October 5, 2016 at 5:00 pm

I suspect that a real application spends very little overall time sorting strings, so optimizing that part will have little impact on the overall performance.

I recently profiled some data acquisition middleware, and discovered that it spent 93% of it’s time waiting on the driver to deliver raw data. Optimizing the remaining 7% would be largely a waste of my time.

When looking closely at the driver – I further uncovered that I was operating at about 70% of the underlying transport mechanisms’ capacity – and improving this would require better firmware on the device side (reducing gaps between bytes and strings).

So – even though I was adding arrays of integer numbers together, and I could see ways to optimize these, it would make no appreciable difference overall.
1. Daniel Lemire says:
  
  October 5, 2016 at 5:53 pm
  
  @Dominic
  
  You’ll get no argument from me.
  
  Many systems have their performance bound set by IO, network… or other architectural constraints. That’s why we build massive systems using JavaScript (which does not even support parallelism!).
Abhimanyu Rawat says:

October 5, 2016 at 5:08 pm

As you said it’s application dependent, in MySQL where a fixed length is required the performance should be better. And going further in C padded where the string fits in word length only, there is some architecture dependency as well right, for tuning it to avoid pointers ?
1. Daniel Lemire says:
  
  October 5, 2016 at 6:10 pm
  
  in MySQL where a fixed length is required the performance should be better
  
  I expect so but I’d be interested in seeing numbers.
Leonid Boytsov says:

October 5, 2016 at 5:39 pm

GCC strings are notoriously bad, because they are copy-on-write. They even used to have atomic operations involved in simple constructors, not to mention that GNU couldn’t implement a bug-free string implementation for a multi-core environment for many years. Copy-on-read strings are probably better (unfortunately, STLPORT died).

That said, even with copy-on-read strings, accessing the string requires a dereference operation, which slows things down. Try a variant of the string, which keeps the counter followed by the data buffer. This one could be fast, IMHO.
1. davetweed says:
  
  October 5, 2016 at 6:22 pm
  
  I think that used to be the case prior to the changes for C++11. (Not that g++’s stuff is brilliant, but it does use the SSO now.)
  1. Leonid Boytsov says:
    
    October 5, 2016 at 7:20 pm
    
    Good to know, thank you! Is 1024 char a short string?
    1. Daniel Lemire says:
      
      October 5, 2016 at 7:30 pm
      
      To clarify: in the test, my strings are short (much less than 8 bytes), but I sort 1024 of them.
Leonid Boytsov says:

October 5, 2016 at 5:41 pm

BTW, Java’s string are immutable for a good reason. In a multi-threaded environment, it’s often much cheaper to copy a small string than to block a gazillion of threads on trivial string operations.
1. Daniel Lemire says:
  
  October 5, 2016 at 6:05 pm
  
  That’s a good point.
  
  Rust and Swift offer both mutable and immutable strings.
KWillets says:

October 5, 2016 at 7:50 pm

We’ve unfortunately hit the point where most dictionary words will fit into a single machine word; the classic benchmark of sorting the dictionary turns out slower using classic algorithms than sorting it fixed-length.

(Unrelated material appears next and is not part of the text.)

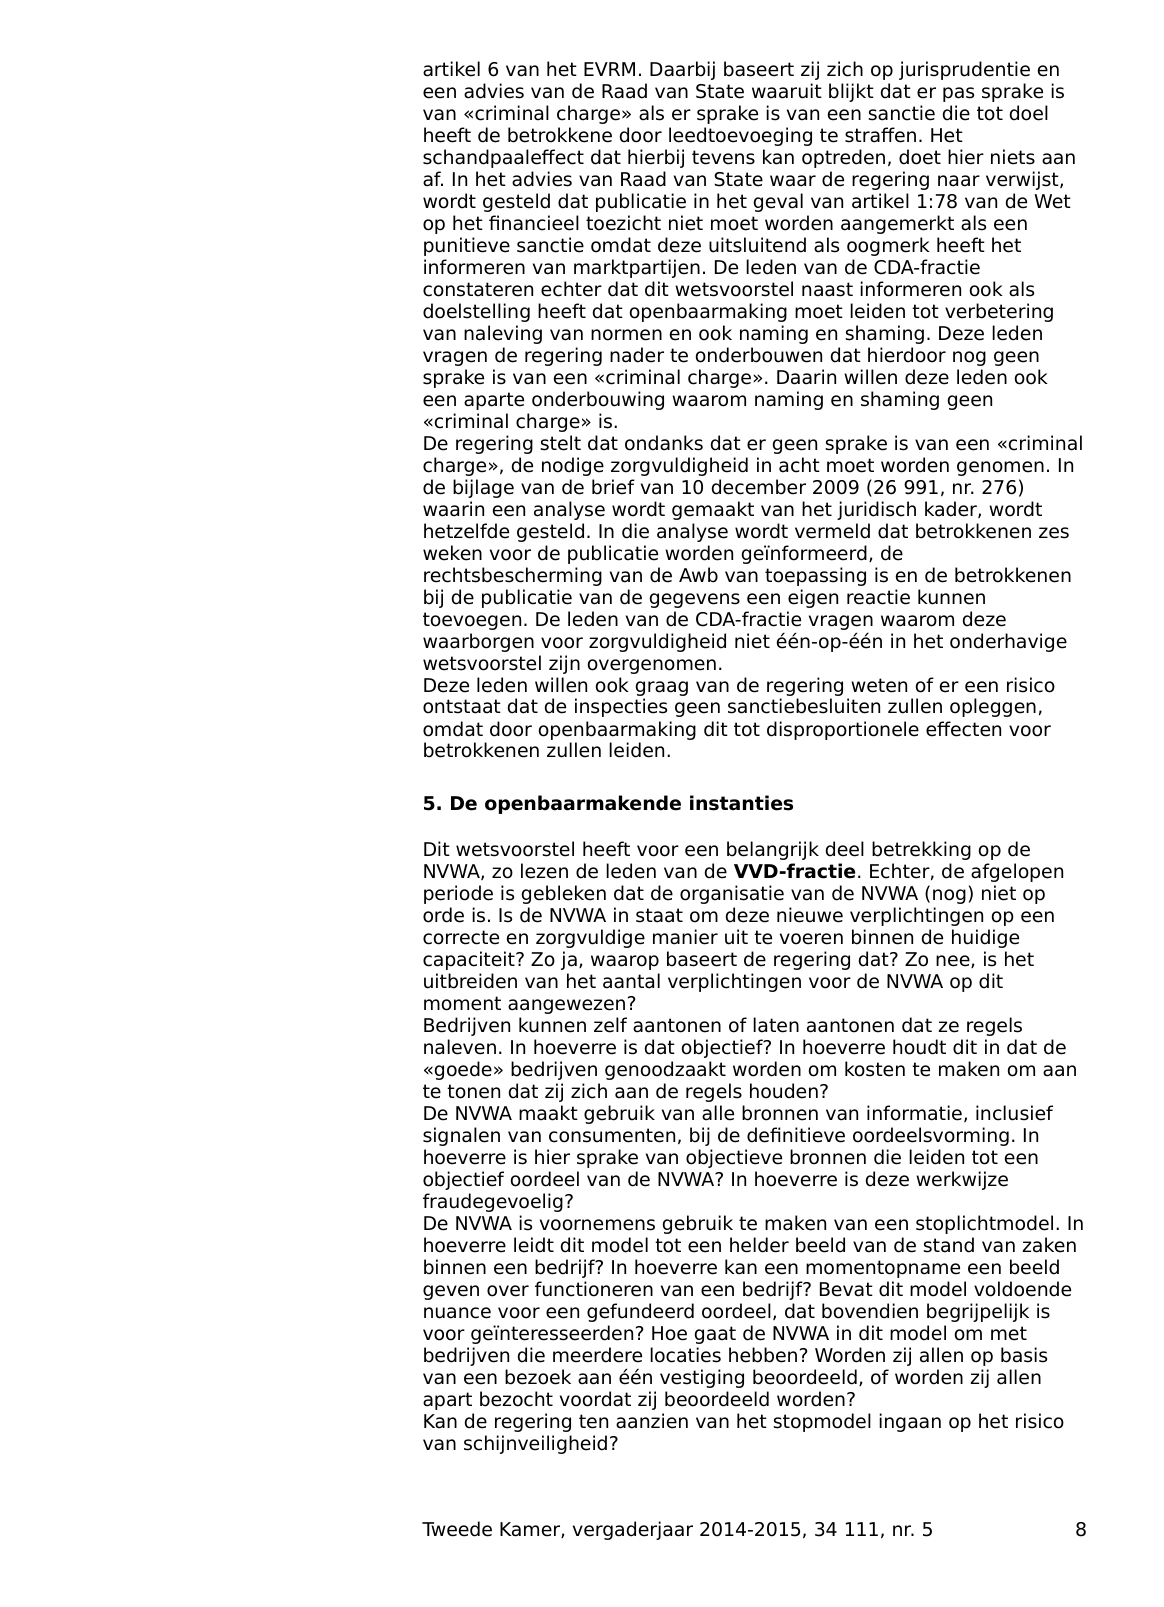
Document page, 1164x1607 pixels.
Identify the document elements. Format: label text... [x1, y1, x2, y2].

Some current algorithms use the fixed-length method by caching 4-8 bytes in an int next to the string pointer. For instance here: http://rd.springer.com/chapter/10.1007%2F978-3-540-89097-3_3#page-1 . It is indeed faster.
Jason Schulz says:

October 5, 2016 at 11:32 pm

It seems like adding length to the type in certain cases, similar to std::array, ultimately gives the compiler/optimizer more information to optimize with.